Das Wintertransferfenster steht offen, doch hat das beim 1. FC Köln zuletzt keine allzu große Rolle gespielt, da Anthony Modestes Rückkehr seit bald zwei Monaten Transfertheater genug bedeutet. Allerdings schließt FC-Geschäftsführer Armin Veh nicht aus, dass die Kölner noch in diesem Winter neues Personal präsentieren. „Die Frage stellt sich ja immer, weil es ein andauernder Prozess ist“, sagte Veh im Trainingslager auf Mallorca zum Thema Kader-Anpassungen: „Wenn drei Mann auf der Sechs ausfallen, kann es das Gedankenspiel geben, dass man etwas macht. Diese Situation ist ja nicht über Wochen entstanden, sondern innerhalb weniger Tage. Darauf müssen wir reagieren.“

Zunächst galt der linke Flügel als dringend zu besetzende Position. „Da haben wir ein Loch“, sagt Veh. Seit der Umstellung auf eine Dreier-Abwehrkette bearbeitete Jonas Hector die linke Seite, einen echten Linksaußen.

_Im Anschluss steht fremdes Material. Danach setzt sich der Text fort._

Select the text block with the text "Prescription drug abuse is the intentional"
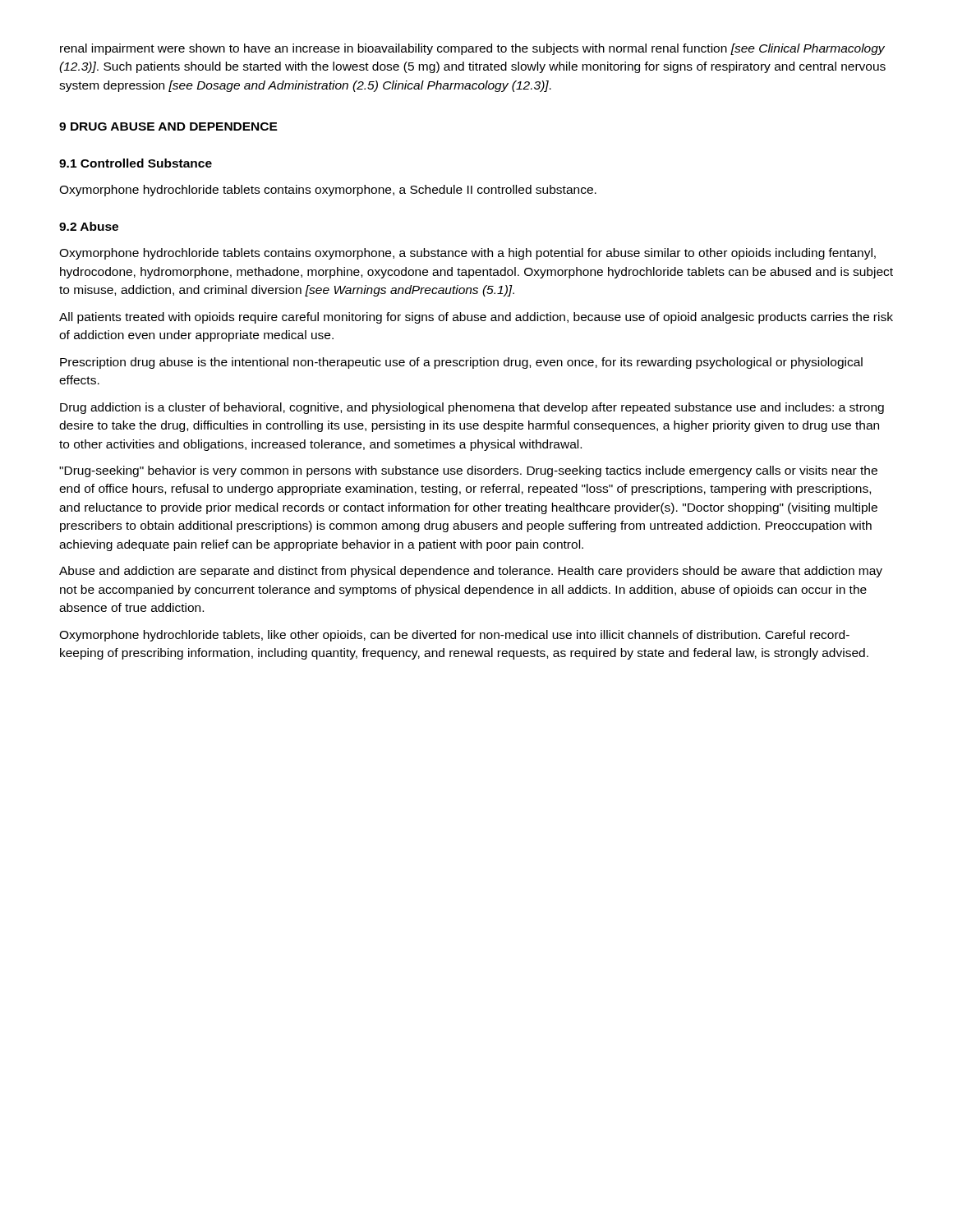click(476, 371)
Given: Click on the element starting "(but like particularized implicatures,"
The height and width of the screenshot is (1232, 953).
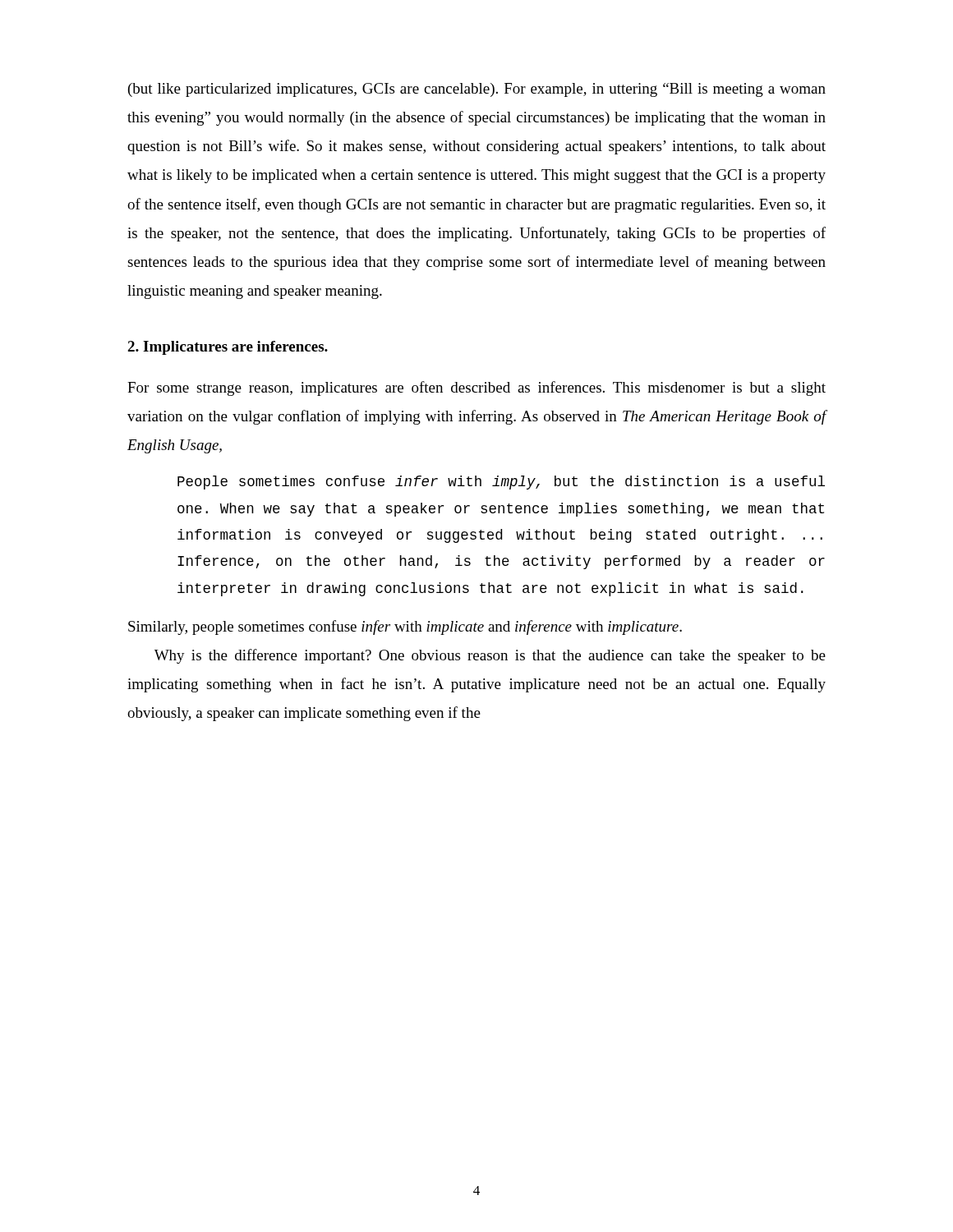Looking at the screenshot, I should 476,189.
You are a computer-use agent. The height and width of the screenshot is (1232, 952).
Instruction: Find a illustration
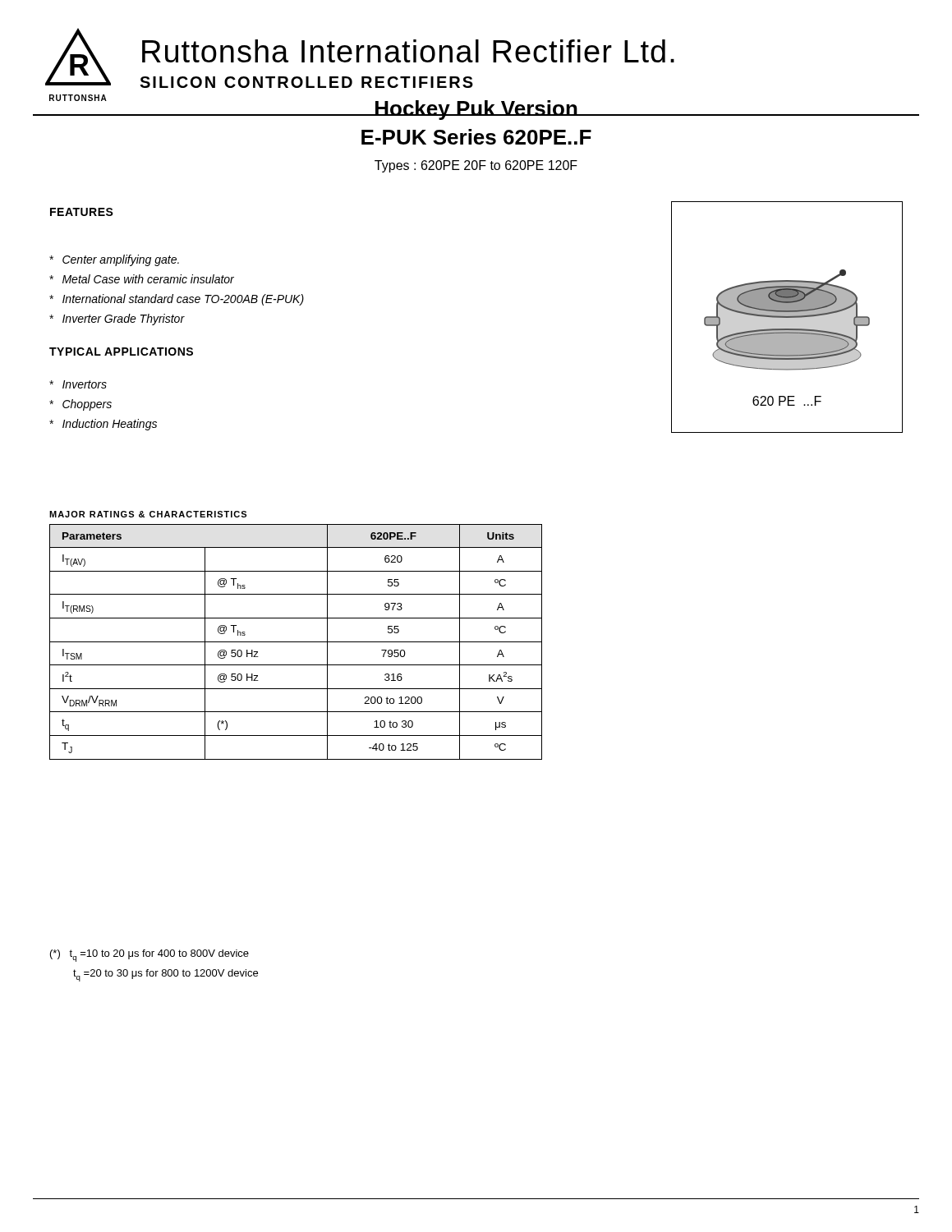click(x=787, y=317)
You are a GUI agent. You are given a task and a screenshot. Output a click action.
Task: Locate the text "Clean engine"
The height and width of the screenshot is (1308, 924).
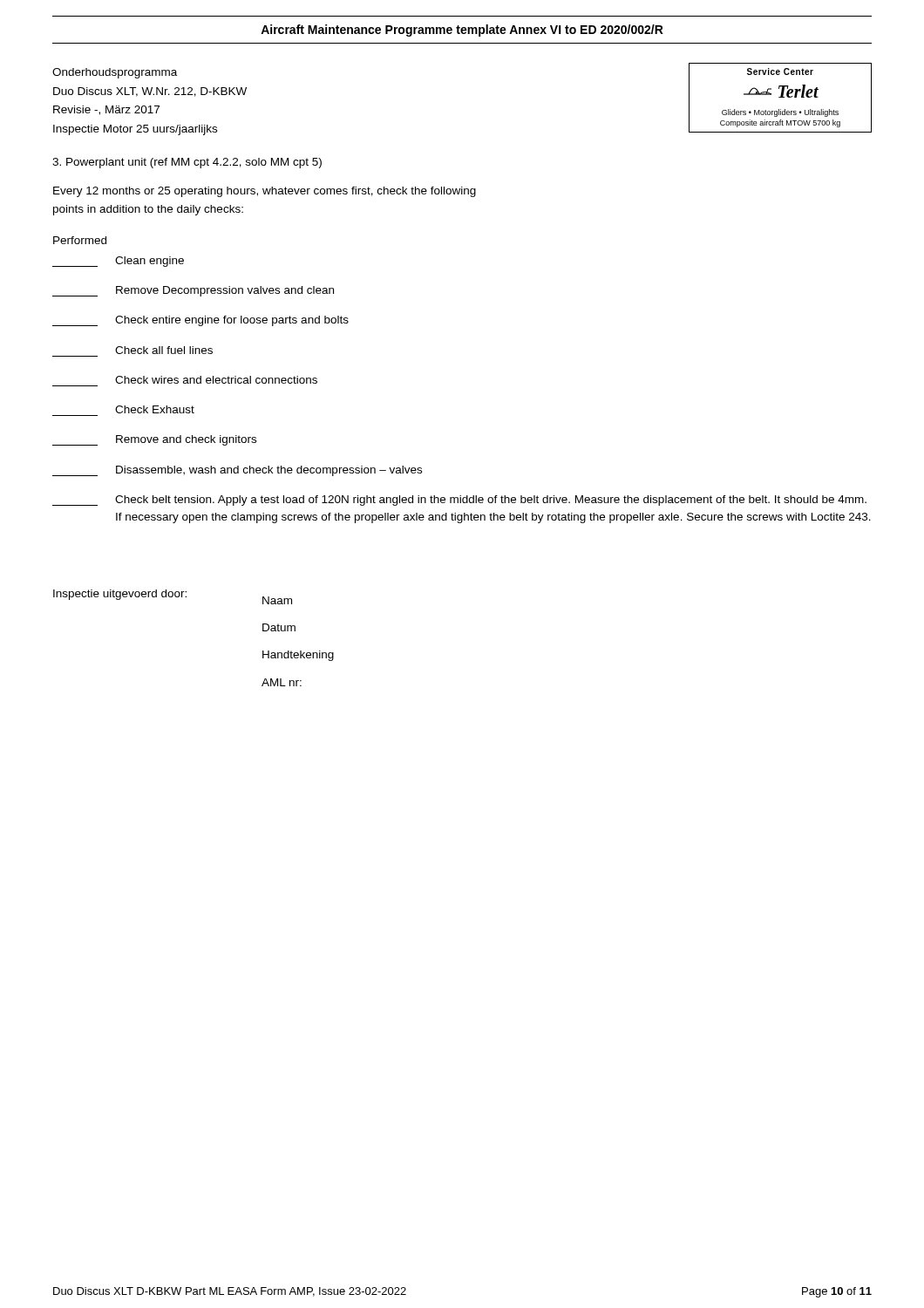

Perspektivisch wollen die Kölner ihren Kader jedoch so entwickeln, dass sie unterschiedliche Systeme spielen können. Und offenbar sind die Kölner längst fündig geworden: Kingsley Schindler, 25-jähriger Flügelspieler von Holstein Kiel, soll seinem früheren Trainer spätestens im Sommer nach Köln folgen. Schindlers Vertrag läuft am Ende der Saison aus, in diesem Winter läge also die letzte Chance für die Kieler, noch eine Ablöse für Schindler zu erzielen. Allerdings waren sich die Kölner zuletzt nicht sicher, ob sich diese Investition lohnte: Schindler kennt Markus Anfang und dessen Idee vom Fußball, der Spieler wäre in der nächsten Sommervorbereitung leicht zu integrieren. Außerdem präsentierte sich Außenspieler Christian Clemens nach langer Verletzung bei seinem Comeback überraschend stark. Auf dem Flügel wird sich der Aufstieg gewiss nicht entscheiden.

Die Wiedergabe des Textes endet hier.